Bring life to a barren, technological wasteland

Picking a Development Language

Note: I wrote this post 2 years ago, in a Houston hotel room. I recently realized that I never actually posted it to the blog.

I’m thinking about ditching PHP and using Python for web development. @marcoarment linked to PHP: a fractal of bad design. It’s a comprehensive rant about everything that’s wrong with PHP.

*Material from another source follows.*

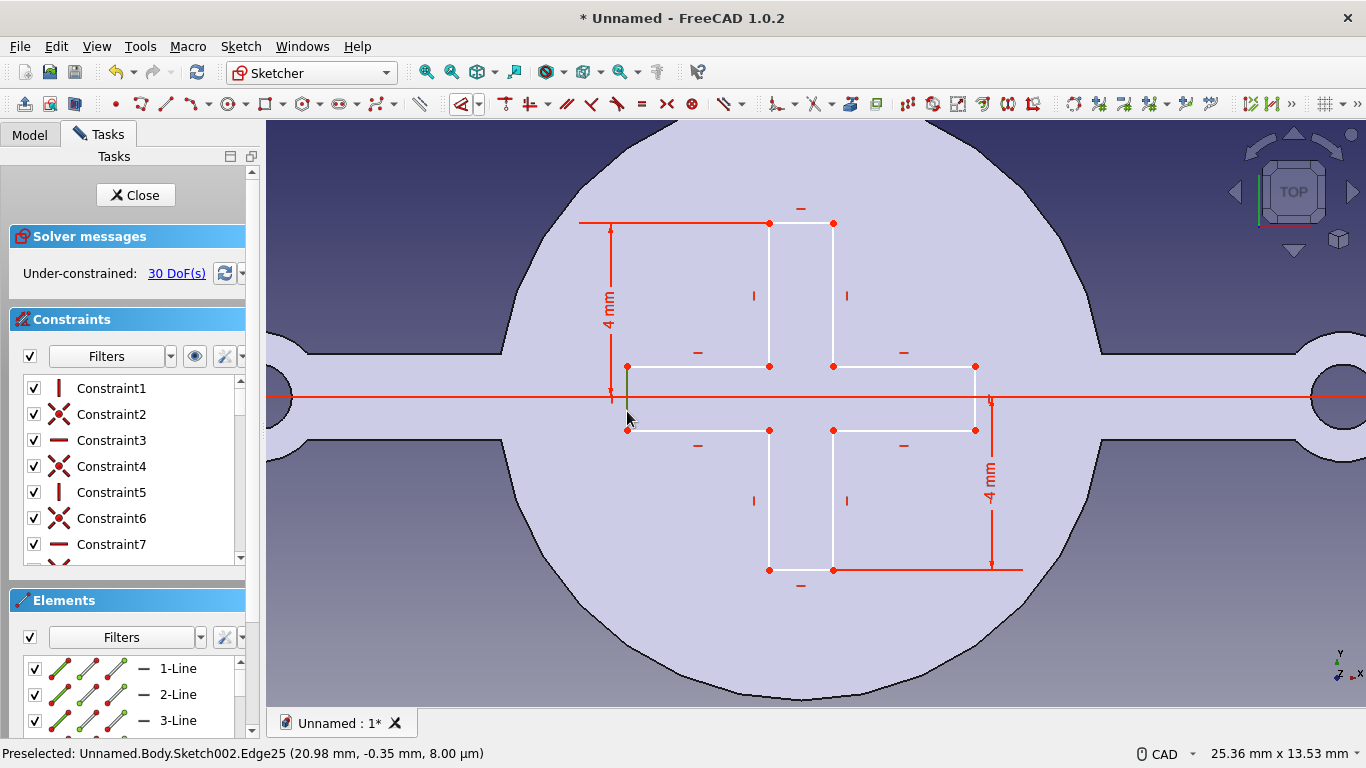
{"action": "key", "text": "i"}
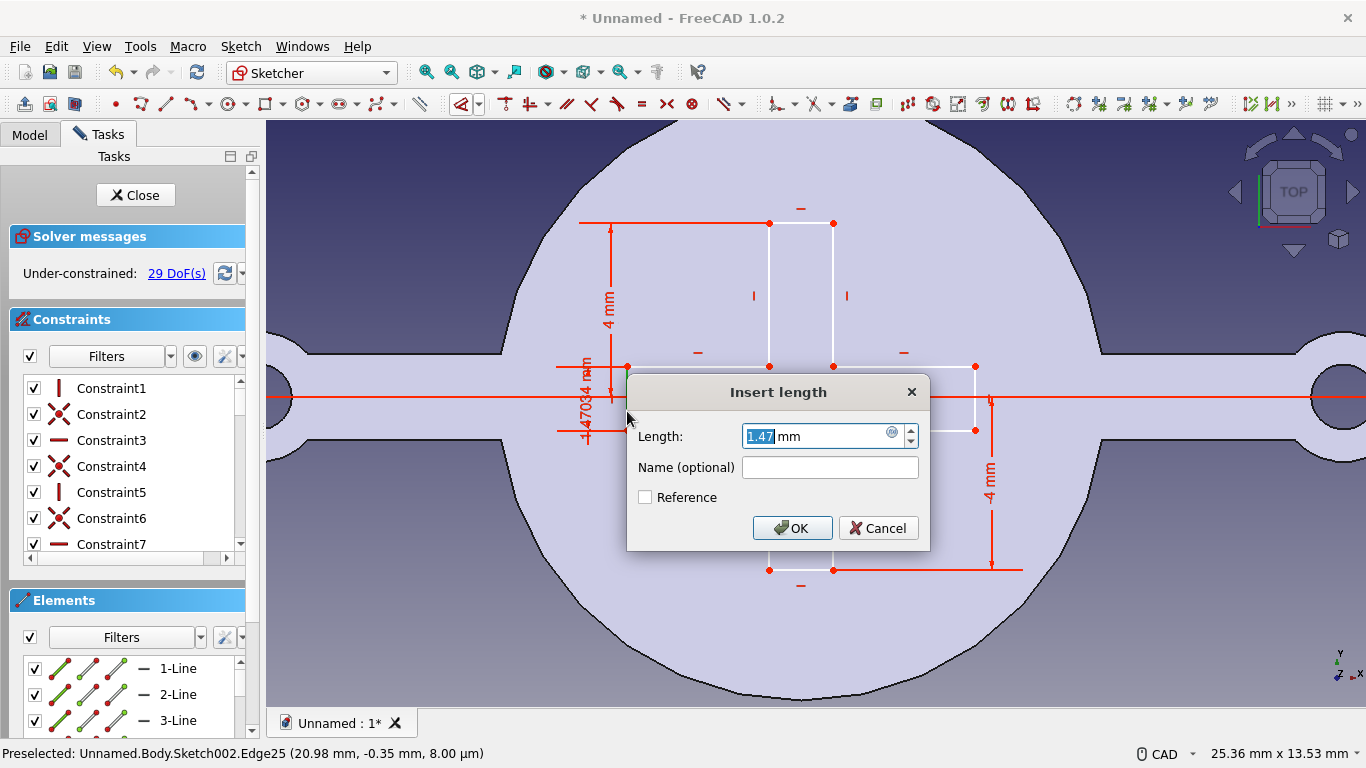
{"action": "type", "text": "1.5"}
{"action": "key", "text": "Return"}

  • PHP is full of surprises: mysql_real_escape_string, E_ALL
  • PHP is inconsistent: strpos, str_rot13
  • PHP requires boilerplate: error-checking around C API calls, ===
  • PHP is flaky: ==, foreach ($foo as &$bar)
  • PHP is opaque: no stack traces by default or for fatals, complex error reporting

I’ve seen most of these myself. I’ve been ignoring on the theory that PHP runs everywhere and it’s the language I know best. But, realistically, I’m going to be running my stuff on a VPS from now on. So the “runs anywhere” logic is moot. I also don’t know it all that well. If I’m going to be doing more programming, it makes sense to invest my time in a language that will be better long term instead of one that’s horrible.

I’ve resisted committing to a modern language like Python or Ruby. I like that I can create one-off PHP scripts in a single new file, drop them on the server, and have them executed easily. I don’t like having to create a separate Python / Ruby application for each idea that I have.

Today, I had an epiphany: create one application for all of my one-off ideas. Implement each idea in a separate method (or module) and use application URLs to route between them. If I have a new idea, I only need to create a new method and then redeploy the application. In some ways, that will be simpler than creating new one-off scripts all over the place. For one thing, all of my scripts will be collected in one place, making maintenance easier.

Why Python? It’s the language of choice for Editorial, my favorite scriptable iOS editor. I can run Python scripts on iOS, via Pythonista. The highly recommended Sublime Text editor uses Python as its scripting engine. Sublime Text runs on Mac, Windows, and Linux. Python looks to be my best choice for a universal scripting / development language across all of my text editors and platforms.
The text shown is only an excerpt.